08/09/2026
Nós somos nossos pais.
E, de alguma maneira, também somos os pais deles…e muitos outros pais…
Somos feitos de histórias que começaram muito antes de nós.
Carregamos em nosso corpo a continuidade de pessoas que amaram, perderam, tiveram medo, foram corajosas, erraram, recomeçaram e, muitas vezes, sobreviveram ao que parecia impossível.
Talvez por isso existam momentos em que a vida nos coloca de joelhos.
E, nesses momentos, podemos nos lembrar:
“Eu não sou apenas eu.”
Atrás de mim existe uma longa fila de vidas.
Pessoas que atravessaram guerras, separações, abandonos, fome, perdas, doenças, injustiças, migrações, lutos e tantas outras dores que talvez eu jamais conheça por inteiro.
E mesmo assim…
…eles chegaram até mim.
A vida encontrou um caminho.
Chegou através deles, até meus pais.
Dos meus pais até mim.
E agora existe em minhas mãos.
Isso não significa que precisamos repetir suas histórias.

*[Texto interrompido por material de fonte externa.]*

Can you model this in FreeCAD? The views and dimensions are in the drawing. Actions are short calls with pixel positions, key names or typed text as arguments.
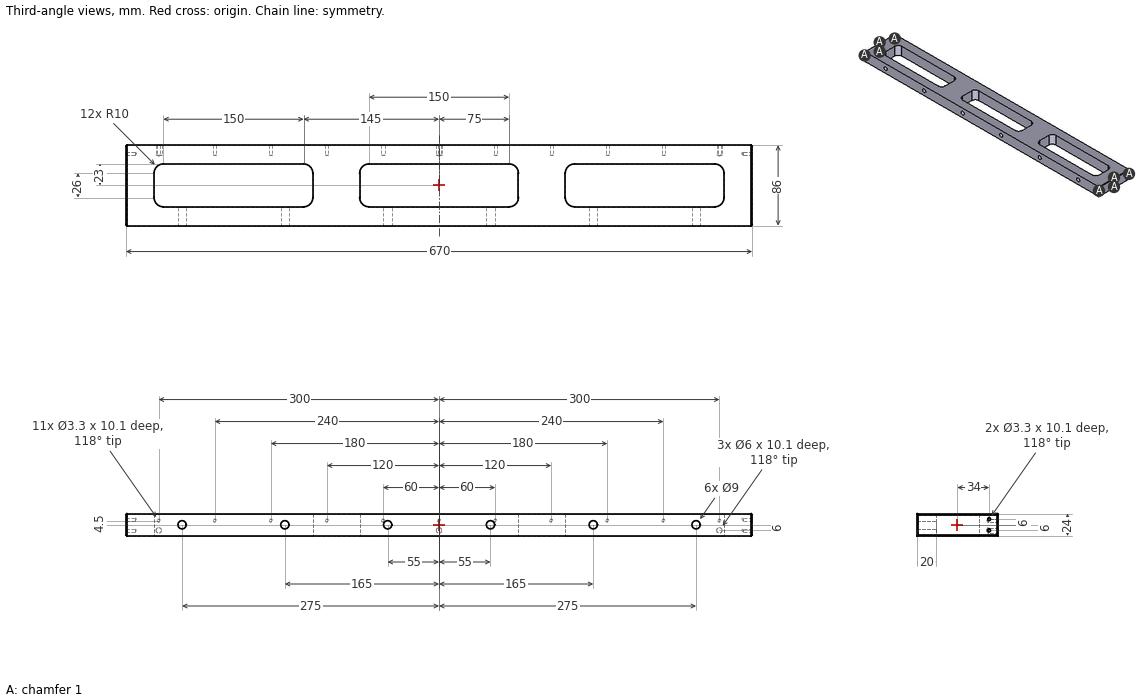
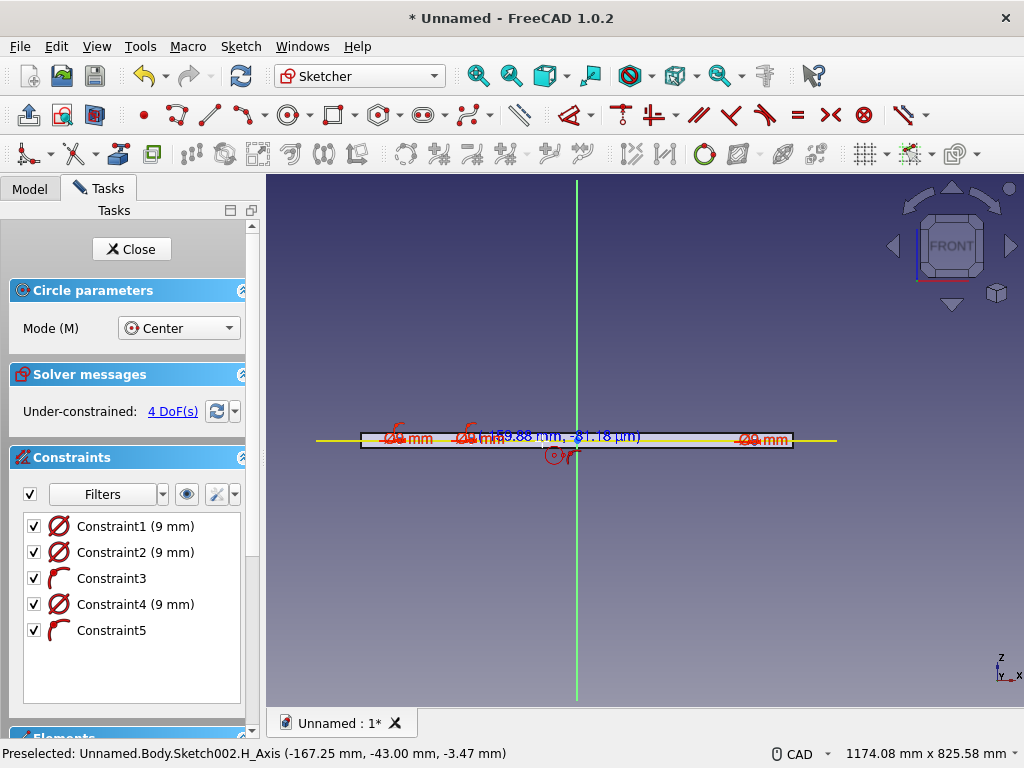
click(542, 441)

Não precisamos sofrer para pertencer.
Não precisamos fracassar para sermos leais.
Não precisamos carregar suas dores como prova de amor.
Podemos fazer diferente.
Porque honrar quem veio antes não é permanecer onde eles sofreram.
Às vezes, honrar é justamente ir além.
Quando a vida parecer pesada demais, talvez possamos olhar para trás…não para buscar culpa, mas para reconectar com a força.
E dizer:
“Eu sou vocês.
Eu recebi a vida de vocês.
Tudo o que vocês precisaram atravessar para que a vida continuasse, chegou até mim como força para continuar…e eu agradeço a tudo como foi.”
Então levantamos.
E seguimos.
Mais um passo.
E depois outro.
Não sabemos exatamente o que existe adiante.
Mas talvez exista algo que nossos antepassados, apesar de todas as tragédias, também procuraram durante toda a vida…
…o amor.
O amor que não apaga o passado.
O amor que não nega a dor.
O amor que olha para tudo o que foi vivido e, ainda assim, escolhe continuar.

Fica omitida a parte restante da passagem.